Limit analysis has been used for decades in civil and mechanical engineering practice as a means of analyzing structures of materials which with reasonable accuracy can be described as being rigid-perfectly plastic. Such materials include steel, concrete and soils. Traditionally, most attention has been given to the problem which consists of determining the ultimate magnitude of a given set of loads acting on a structure with a given geometry. This problem is relevant when determining e.g. the necessary extrusion pressure in metal forming problems, when evaluating the bearing capacity of reinforced concrete slabs or the stability of slopes, and generally, whenever all information about the structure, except for the ultimate magnitude of the load set, is known. However, in the design of structures the situation is the opposite. Here the loads are known whereas the necessary dimensions, boundary conditions, material strengths, etc. must be determined in such a way that the structure is able to sustain the given loads.
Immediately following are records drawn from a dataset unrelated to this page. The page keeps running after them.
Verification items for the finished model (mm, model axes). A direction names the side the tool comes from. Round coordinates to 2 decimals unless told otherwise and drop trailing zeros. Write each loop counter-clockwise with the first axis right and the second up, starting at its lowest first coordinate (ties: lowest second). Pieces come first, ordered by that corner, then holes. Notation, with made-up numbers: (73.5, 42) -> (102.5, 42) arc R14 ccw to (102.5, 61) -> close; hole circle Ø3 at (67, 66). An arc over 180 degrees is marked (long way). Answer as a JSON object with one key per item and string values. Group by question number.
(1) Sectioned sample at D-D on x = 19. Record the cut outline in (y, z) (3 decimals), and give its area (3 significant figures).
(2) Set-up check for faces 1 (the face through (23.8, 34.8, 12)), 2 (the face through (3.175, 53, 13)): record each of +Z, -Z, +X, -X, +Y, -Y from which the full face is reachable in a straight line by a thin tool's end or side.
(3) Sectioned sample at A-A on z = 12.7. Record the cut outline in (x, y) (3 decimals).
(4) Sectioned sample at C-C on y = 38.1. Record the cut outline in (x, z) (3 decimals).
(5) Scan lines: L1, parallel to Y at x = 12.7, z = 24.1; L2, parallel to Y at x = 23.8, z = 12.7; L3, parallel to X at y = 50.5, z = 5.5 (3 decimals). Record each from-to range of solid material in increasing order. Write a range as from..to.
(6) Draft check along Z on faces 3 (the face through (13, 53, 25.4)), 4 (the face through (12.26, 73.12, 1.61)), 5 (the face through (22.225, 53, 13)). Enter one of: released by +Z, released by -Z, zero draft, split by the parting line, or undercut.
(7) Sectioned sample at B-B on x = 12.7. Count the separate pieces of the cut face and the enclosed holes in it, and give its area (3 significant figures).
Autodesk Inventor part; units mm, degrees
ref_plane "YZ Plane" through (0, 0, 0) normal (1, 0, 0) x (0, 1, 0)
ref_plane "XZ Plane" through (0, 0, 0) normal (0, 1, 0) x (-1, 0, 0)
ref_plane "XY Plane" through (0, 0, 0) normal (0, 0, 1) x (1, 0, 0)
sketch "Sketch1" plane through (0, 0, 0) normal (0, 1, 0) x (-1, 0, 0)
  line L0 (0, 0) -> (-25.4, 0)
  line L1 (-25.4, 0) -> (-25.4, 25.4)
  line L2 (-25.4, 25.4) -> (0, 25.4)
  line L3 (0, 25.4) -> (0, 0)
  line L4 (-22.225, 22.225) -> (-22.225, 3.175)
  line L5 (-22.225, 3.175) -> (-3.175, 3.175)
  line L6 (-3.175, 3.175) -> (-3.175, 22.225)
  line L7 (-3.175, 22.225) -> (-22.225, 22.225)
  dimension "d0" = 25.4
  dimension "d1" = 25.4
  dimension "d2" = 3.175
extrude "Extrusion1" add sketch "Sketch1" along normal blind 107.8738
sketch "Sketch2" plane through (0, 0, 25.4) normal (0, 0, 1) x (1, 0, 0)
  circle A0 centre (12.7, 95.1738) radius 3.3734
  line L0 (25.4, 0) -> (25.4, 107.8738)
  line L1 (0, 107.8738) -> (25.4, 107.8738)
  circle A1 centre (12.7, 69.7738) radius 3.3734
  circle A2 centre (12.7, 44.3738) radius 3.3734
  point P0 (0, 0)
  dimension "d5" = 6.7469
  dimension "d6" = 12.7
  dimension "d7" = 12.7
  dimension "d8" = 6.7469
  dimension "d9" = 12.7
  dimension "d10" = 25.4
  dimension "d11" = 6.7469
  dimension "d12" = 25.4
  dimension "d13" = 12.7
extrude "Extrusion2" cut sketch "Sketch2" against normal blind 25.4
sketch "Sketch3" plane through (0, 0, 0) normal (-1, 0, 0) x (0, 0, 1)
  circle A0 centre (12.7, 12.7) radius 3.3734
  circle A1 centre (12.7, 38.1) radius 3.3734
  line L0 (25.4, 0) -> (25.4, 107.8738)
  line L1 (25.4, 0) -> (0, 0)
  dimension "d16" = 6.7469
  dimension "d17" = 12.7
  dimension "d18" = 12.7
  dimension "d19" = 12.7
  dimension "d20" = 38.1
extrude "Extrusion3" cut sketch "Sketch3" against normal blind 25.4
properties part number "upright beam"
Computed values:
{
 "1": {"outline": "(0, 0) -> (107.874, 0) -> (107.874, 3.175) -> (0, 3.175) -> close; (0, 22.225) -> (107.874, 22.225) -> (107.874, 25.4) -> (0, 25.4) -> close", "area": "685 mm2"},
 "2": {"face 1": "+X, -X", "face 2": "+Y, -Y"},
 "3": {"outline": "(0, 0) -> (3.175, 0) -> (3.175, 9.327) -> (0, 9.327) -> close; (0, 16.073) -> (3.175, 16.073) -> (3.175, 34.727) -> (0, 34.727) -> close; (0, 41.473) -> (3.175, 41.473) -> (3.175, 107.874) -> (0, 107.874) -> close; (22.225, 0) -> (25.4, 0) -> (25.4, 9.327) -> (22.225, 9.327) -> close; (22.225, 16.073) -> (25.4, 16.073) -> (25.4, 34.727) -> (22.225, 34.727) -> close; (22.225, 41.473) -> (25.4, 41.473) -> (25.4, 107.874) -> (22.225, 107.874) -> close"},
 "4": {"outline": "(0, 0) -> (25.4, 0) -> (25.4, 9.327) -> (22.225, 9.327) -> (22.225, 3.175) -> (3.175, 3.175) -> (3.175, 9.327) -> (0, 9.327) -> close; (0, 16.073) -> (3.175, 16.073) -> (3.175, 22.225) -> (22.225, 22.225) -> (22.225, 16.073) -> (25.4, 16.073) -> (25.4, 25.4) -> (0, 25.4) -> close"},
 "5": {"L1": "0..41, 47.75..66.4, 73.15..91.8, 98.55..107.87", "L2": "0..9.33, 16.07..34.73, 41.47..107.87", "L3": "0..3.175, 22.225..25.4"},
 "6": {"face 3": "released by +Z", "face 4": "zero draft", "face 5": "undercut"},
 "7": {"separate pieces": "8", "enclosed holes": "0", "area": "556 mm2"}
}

Thus, limit analysis embraces two different scenarios, one where everything except the maximal permissible load intensity is known, and one where all that is known is the load intensity.
In the paper we consider the latter of these problems with particular reference to the design of sheet pile walls, a typical example of which is shown in Figure 56.1. Given the weight of the soil and the relevant strength parameters the task is to determine the necessary yield moment of the wall, the anchor force, and the depth of the wall below level 0.00m.
If the wall depth is known it is possible, by means of the lower bound theorem, to formulate a material optimization problem in which the necessary yield moment is minimized subject to equilibrium and yield conditions. The finite element discretization is performed such that all equilibrium and yield conditions are fulfilled, Poulsen and Damkilde [1], and thus, according to the lower bound theorem the solutions are safe.
In the case where the wall depth is not know a two-phase strategy is proposed. In the phase one problem each wall segment is assigned an independent design parameter and the sum of yield moments then minimized. This gives a good indication of the necessary depth since yield moments approximately equal to zero will be chosen below the necessary depth. The phase two problem then consists of determining the necessary yield moment with all wall segments being assigned a common design parameter.
For the soil the Mohr-Coulomb yield criterion is used and the resulting optimization problem is thus nonlinear. The problem is solved by means of an algorithm previously used for load optimization, Krabbenhoft and Damkilde [2].
In the paper examples of the design of both rough and smooth cantilever and anchored walls are given. The results are compared to what is obtained by the method of Brinch Hansen [3] and good agreement is found.

1

P. N. Poulsen and L. Damkilde. Limit analysis of reinforced concrete plates subjected to in-plane forces. International Journal of Solids and Structures, 37:6011-6029, 2000. doi:10.1016/S0020-7683(99)00254-1

2

K. Krabbenhoft and L. Damkilde. Lower-bound limit analysis with a nonlinear interior point method. In Z. Waszczyszyn and J. Pamin, editors, Proceedings of the Second European Conference on Computational Mechanics. Cracow University of Technology, Cracow, Poland, 2001. Paper no. 181 in CD-ROM proceedings.

3

J. Brinch Hansen. Earth Pressure Calculation. The Danish Technical Press, Copenhagen, Denmark, 1953.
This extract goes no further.